As in the previous case, the the neighborhoods of all vertices in $V\backslash$S are non-empty and distinct shown in Table 3. Thus, from the above discussion, we can say that Case 3, Case 4 and Case 5 are analogous to the above-mentioned cases.

Note that $\left|S\right|=⌈\frac{7n}{5}⌉$. This implies that ${\gamma }_{l-d}(T_n)\le ⌈\frac{7n}{5}⌉$.

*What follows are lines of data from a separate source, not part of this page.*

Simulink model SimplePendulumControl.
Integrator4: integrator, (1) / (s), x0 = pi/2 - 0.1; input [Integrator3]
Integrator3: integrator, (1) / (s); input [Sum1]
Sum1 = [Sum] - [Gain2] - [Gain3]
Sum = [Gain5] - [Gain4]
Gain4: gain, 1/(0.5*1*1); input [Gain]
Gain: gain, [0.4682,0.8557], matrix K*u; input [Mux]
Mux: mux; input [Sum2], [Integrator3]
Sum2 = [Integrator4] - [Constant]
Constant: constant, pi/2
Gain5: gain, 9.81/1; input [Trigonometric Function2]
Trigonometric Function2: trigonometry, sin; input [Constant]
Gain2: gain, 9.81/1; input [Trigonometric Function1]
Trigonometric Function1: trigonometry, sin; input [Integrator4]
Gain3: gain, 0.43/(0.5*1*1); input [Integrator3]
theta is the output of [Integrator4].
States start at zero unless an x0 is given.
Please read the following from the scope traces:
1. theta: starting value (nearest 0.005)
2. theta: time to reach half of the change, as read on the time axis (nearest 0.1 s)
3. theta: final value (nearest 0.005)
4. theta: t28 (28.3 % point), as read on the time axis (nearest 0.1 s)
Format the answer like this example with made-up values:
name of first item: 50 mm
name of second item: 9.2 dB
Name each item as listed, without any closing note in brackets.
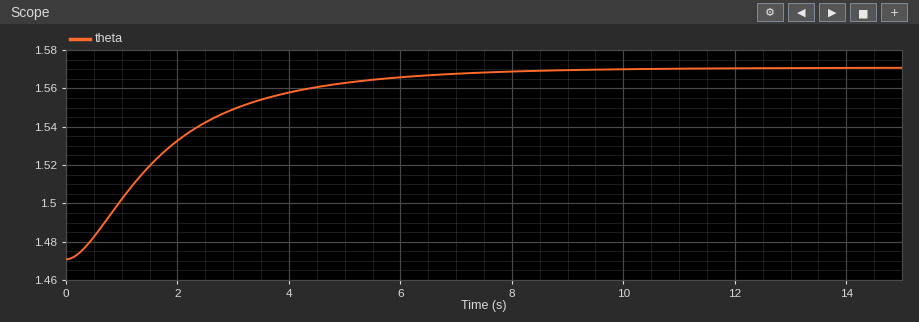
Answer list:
theta: starting value: 1.470
theta: time to reach half of the change, as read on the time axis: 1.5 s
theta: final value: 1.570
theta: t28 (28.3 % point), as read on the time axis: 0.9 s

Next, we use the CPLEX solver for the ILP formulation with constraints (1), (2), (4) and (6) and obtain the following optimal solutions: ${\gamma }_{l-d}(T_6)=9$, ${\gamma }_{l-d}(T_7)=10$, ${\gamma }_{l-d}(T_8)=12$, ${\gamma }_{l-d}(T_9)=13$, …, ${\gamma }_{l-d}(T_{21})=30$, …, ${\gamma }_{l-d}(T_{29})=41$. This shows the upper bound in Theorem 7 is tight. □

5. Conclusions

In this paper, we focus on a class of geometric graphs which naturally arise from the structures of convex polytopes. Besides finding exact values for the binary locating-dominating number of two infinite families of graphs of convex polytopes, we also find tight upper bounds on other three infinite families of convex polytopes. An integer linear programming model for binary locating-locating number is used to find tightness in the obtained upper bounds.

Generalized Petersen graphs and certain families of strongly regular graphs can be considered for further research on this problem.